You should rent an airless paint sprayer and the small texture rig.:w00t:
This is key too. Don't try and ventalate the room before you knock it down. 
Keep the room sealed up until you knock it down. Wait till it's almost dry before you knock it down 
on the primed surface or it's going to smoosh out to much.
Good luck! :thumbsup:

-Paul


----------



## Big Shoe (Jun 16, 2008)

PrecisionFloors said:


> Hey guys, couple of questions about the current project going on the home-front right now. First off, this is my house not a customers so it ain't gotta be perfect. That being said I'm a perfectionist and am more than willing to do it right.
> 
> I'm painting the new to us house prior to moving in. The drywall is (imo) pretty rough shape. Nail holes galore, multiple diy re-paints complete with runs/drips everywhere, etc. If i wanted flat/smooth walls there would be tons of skimming involved. The wife and I both agree that a knockdown finish is acceptable and probably less labor. All rooms that would be textured are flat except for the master which is an eggshell/satin.
> 
> ...


Waiting to hear from you...........How did it go?...........mmm....Must still be working on it. Whole house is alot of work!


----------



## PrecisionFloors (Jan 24, 2006)

Big Shoe said:


> Waiting to hear from you...........How did it go?...........mmm....Must still be working on it. Whole house is alot of work!
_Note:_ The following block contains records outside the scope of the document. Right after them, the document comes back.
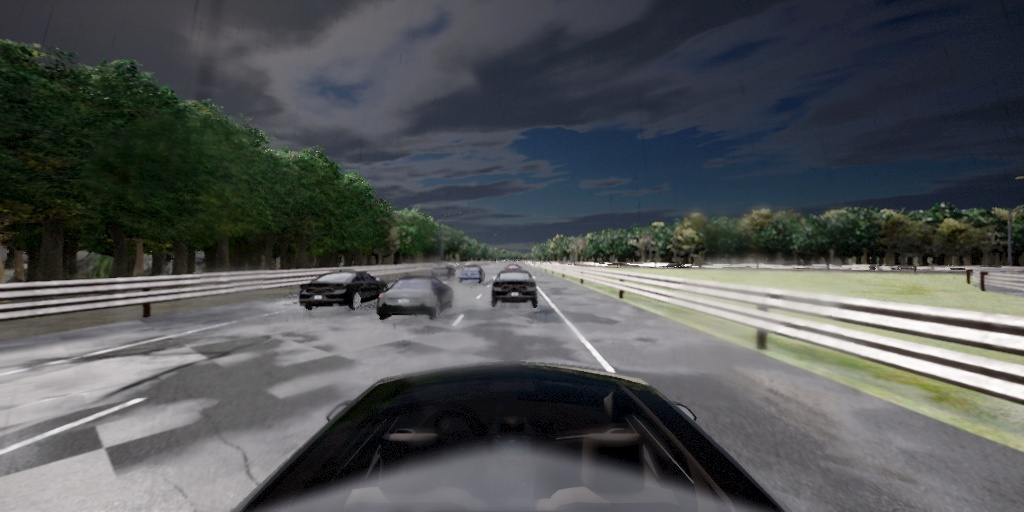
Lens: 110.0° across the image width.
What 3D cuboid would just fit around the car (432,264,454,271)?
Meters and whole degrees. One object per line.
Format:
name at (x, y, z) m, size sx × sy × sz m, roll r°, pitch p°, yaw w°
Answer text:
car at (-6.870, 1.555, 36.333) m, size 2.128 × 1.511 × 4.902 m, roll 0°, pitch -1°, yaw 0°

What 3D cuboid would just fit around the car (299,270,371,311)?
car at (-6.899, 1.345, 15.247) m, size 1.882 × 1.535 × 5.008 m, roll 0°, pitch -1°, yaw 0°

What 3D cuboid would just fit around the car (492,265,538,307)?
car at (0.107, 1.356, 16.431) m, size 1.882 × 1.535 × 5.008 m, roll 0°, pitch 0°, yaw 0°

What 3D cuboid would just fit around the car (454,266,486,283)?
car at (-3.377, 1.561, 31.065) m, size 2.033 × 1.411 × 5.357 m, roll 0°, pitch -1°, yaw 0°

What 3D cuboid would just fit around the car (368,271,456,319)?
car at (-3.399, 1.414, 13.278) m, size 1.994 × 1.385 × 4.181 m, roll 0°, pitch -1°, yaw 0°
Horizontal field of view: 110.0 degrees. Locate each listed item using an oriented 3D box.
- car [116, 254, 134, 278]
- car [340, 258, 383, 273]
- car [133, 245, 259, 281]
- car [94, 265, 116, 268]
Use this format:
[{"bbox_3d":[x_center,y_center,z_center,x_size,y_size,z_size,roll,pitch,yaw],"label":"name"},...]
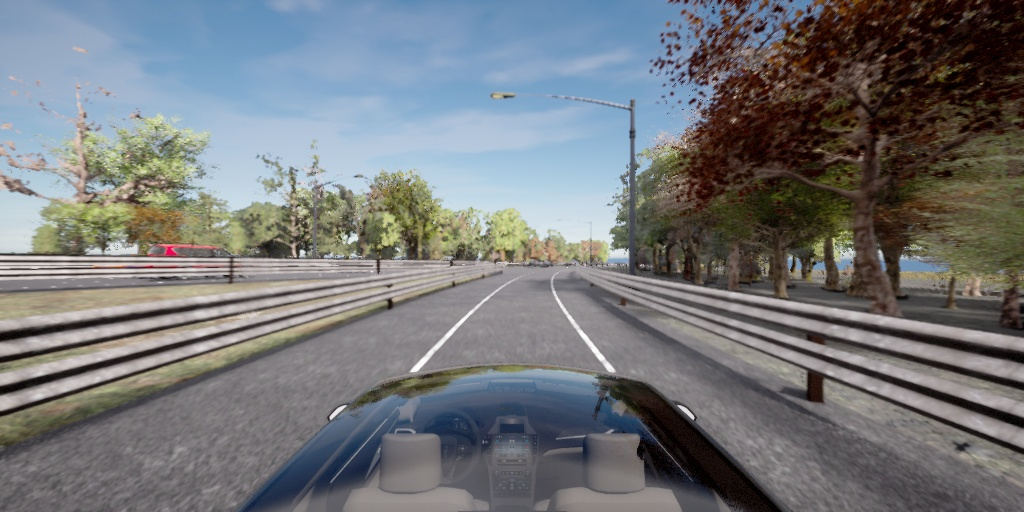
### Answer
[{"bbox_3d":[-22.076,0.723,23.531,1.812,1.442,4.674,0,-1,24],"label":"car"},{"bbox_3d":[-15.712,1.000,37.843,2.128,1.511,4.902,0,-1,24],"label":"car"},{"bbox_3d":[-18.872,0.412,22.120,2.150,2.045,5.566,0,-1,24],"label":"car"},{"bbox_3d":[-25.261,0.670,24.980,1.882,1.535,5.008,0,-1,24],"label":"car"}]
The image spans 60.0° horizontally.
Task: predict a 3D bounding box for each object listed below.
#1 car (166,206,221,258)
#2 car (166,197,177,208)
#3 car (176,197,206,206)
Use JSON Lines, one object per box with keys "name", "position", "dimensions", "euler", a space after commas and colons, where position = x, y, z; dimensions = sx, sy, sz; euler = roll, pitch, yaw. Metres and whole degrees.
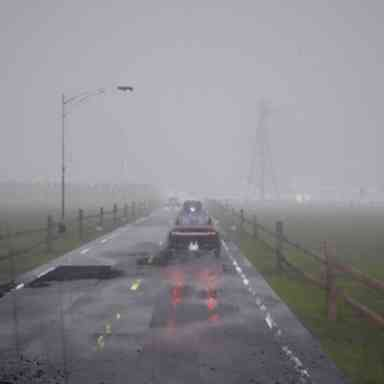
{"name": "car", "position": [0.070, 1.525, 12.810], "dimensions": [2.128, 1.511, 4.902], "euler": [0, 0, 0]}
{"name": "car", "position": [-2.831, 1.492, 50.606], "dimensions": [2.097, 1.767, 4.553], "euler": [0, 0, 0]}
{"name": "car", "position": [0.067, 1.423, 27.658], "dimensions": [2.097, 1.767, 4.553], "euler": [0, 0, 0]}
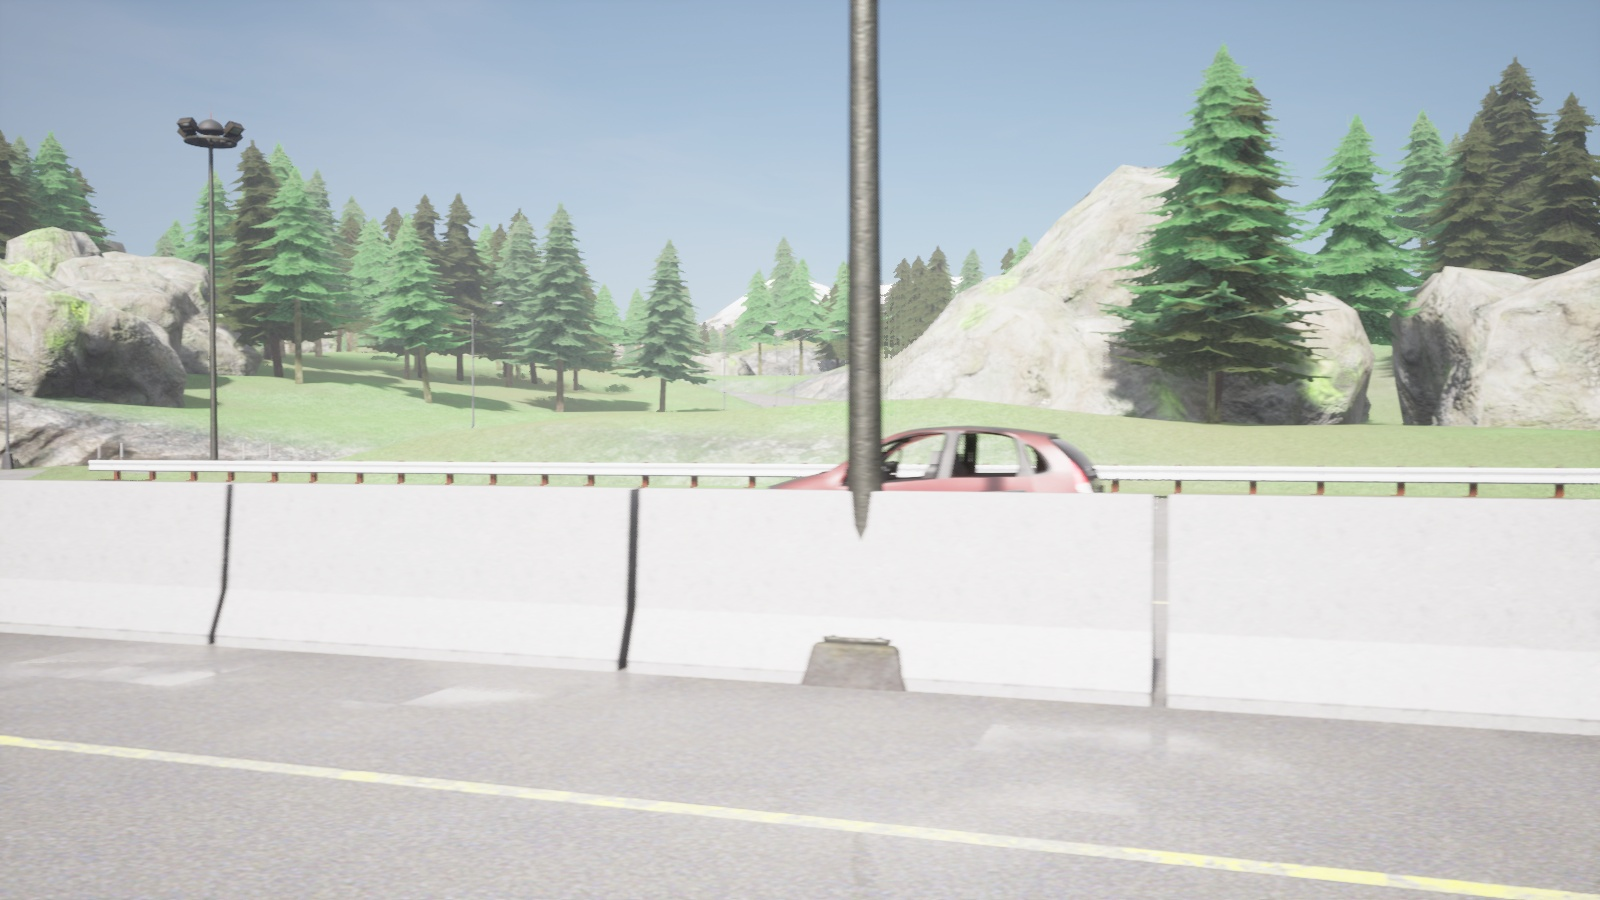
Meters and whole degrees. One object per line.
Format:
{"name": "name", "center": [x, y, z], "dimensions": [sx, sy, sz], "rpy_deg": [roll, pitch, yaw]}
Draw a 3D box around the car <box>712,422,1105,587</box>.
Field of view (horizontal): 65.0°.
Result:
{"name": "car", "center": [1.230, 0.507, 13.855], "dimensions": [3.988, 1.617, 1.851], "rpy_deg": [1, 1, 19]}
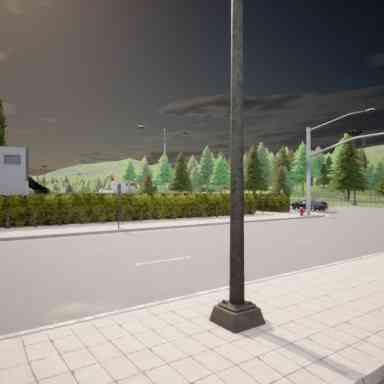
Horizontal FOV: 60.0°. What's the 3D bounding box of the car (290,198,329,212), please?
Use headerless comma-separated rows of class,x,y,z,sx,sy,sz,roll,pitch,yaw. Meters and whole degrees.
car,13.358,1.506,38.596,1.837,1.490,4.892,0,1,-35
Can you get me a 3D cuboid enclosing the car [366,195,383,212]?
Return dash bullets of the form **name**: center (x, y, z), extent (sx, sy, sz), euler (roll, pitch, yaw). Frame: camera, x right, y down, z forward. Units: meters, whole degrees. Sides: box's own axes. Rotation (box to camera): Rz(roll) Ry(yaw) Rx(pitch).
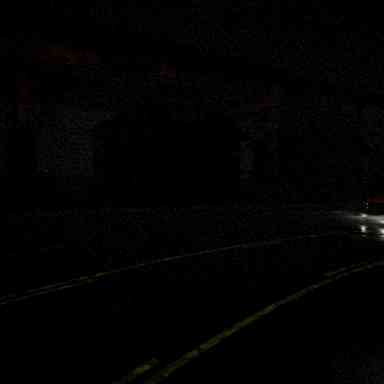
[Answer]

Haven't really started yet...been busy with paying work :laughing: Waiting to have a few days off in a row so I can get it over with..i hate nothing more than workin all day on other people's houses and then all night on mine. I'm gonna start preppin it tomorrow though. The wife also informed me she only wants the main living areas and halls textured - not the bedrooms/baths/laundry/kitchen. Sometimes waiting has its advantages :whistling:....not that she would ever change her mind about anything


----------



## Sir Mixalot (Jan 6, 2008)

PrecisionFloors said:


> Haven't really started yet...been busy with paying work :laughing: Waiting to have a few days off in a row so I can get it over with..i hate nothing more than workin all day on other people's houses and then all night on mine.* I'm gonna start preppin it tomorrow though*. The wife also informed me she only wants the main living areas and halls textured - not the bedrooms/baths/laundry/kitchen. Sometimes waiting has its advantages :whistling:....not that she would ever change her mind about anything


The good thing is, once the prep is done the rest is easy!:laughing:


----------